AACR Day 1
The American Association for Cancer Research (AACR) yearly meeting is happening in Chicago this week! Twenty thousand cancer researchers have gathered to discuss the latest cancer research findings, which will hopefully be translated into life-saving treatments for cancer patients. This year, for the first time, CoMMpass findings are featured in three reports at this meeting.
Day 1
Myeloma researchers at Winship Cancer Institute of Emory University may have discovered a new drug target, named syntenin, for treatment of myeloma.
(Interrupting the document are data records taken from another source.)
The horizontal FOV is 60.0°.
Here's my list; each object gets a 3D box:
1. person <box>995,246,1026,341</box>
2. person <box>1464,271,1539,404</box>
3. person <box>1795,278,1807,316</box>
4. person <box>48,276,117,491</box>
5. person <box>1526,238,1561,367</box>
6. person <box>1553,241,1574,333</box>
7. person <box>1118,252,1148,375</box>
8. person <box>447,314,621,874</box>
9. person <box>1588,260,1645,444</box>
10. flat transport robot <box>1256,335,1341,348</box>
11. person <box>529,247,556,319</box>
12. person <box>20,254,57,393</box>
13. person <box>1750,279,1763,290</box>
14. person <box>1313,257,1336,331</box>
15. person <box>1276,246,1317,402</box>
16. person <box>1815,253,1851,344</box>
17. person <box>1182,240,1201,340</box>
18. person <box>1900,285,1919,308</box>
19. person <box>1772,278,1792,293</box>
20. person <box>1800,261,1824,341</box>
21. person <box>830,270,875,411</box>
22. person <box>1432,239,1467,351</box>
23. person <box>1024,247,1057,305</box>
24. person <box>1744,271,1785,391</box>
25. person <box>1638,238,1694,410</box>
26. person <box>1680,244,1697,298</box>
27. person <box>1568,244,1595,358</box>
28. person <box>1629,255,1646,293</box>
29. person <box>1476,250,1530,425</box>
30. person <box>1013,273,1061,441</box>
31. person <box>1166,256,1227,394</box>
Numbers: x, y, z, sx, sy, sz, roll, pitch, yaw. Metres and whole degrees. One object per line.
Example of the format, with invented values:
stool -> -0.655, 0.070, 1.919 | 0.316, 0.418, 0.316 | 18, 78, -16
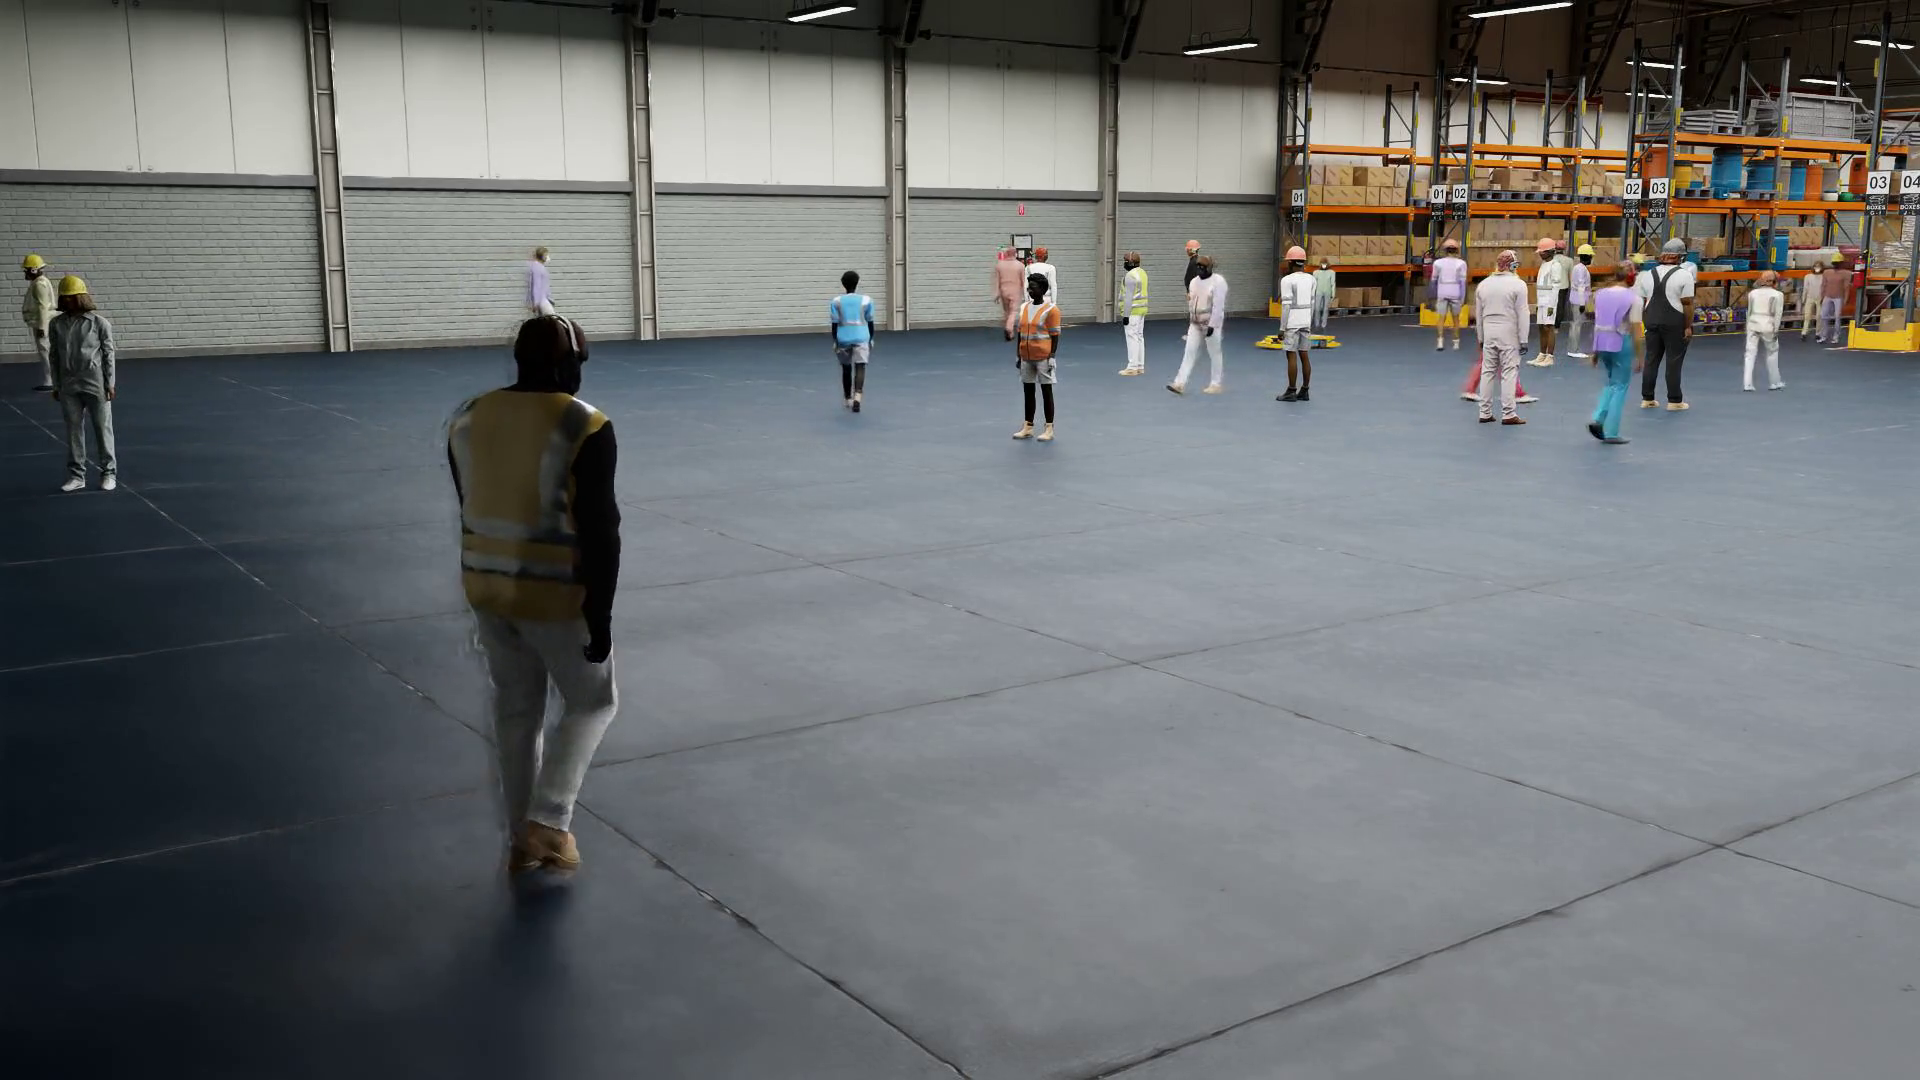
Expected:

Using the CoMMpass study dataset, they have shown that patients who have a higher amount of syntenin protein tend to have shorter progression free survival, in other words, they spend a shorter time in remission after starting a new treatment. In the laboratory, the researchers have found that
- Syntenin may help myeloma cells survive outside of the bone marrow, which can result in extramedullary disease
- Syntenin appears to allow myeloma cells to become resistant to common myeloma therapies
- If the researchers treat myeloma cells to decrease the amount of syntenin, the cells are once again sensitive to myeloma therapies
These laboratory findings need to be confirmed in the clinic. If researchers can find a new drug to decrease syntenin in patients, it may lengthen the time they are able to stay in remission and decrease the possibility that they will become resistant to therapy.
Making our CoMMpass data freely available to researchers all over the world encourages them to use it to make new discoveries about how myeloma cells work, which may then enable discovery of new myeloma treatments. As we continue to gather valuable patient data in CoMMpass until 2023, these new discoveries will continue to bring myeloma patients closer to a cure.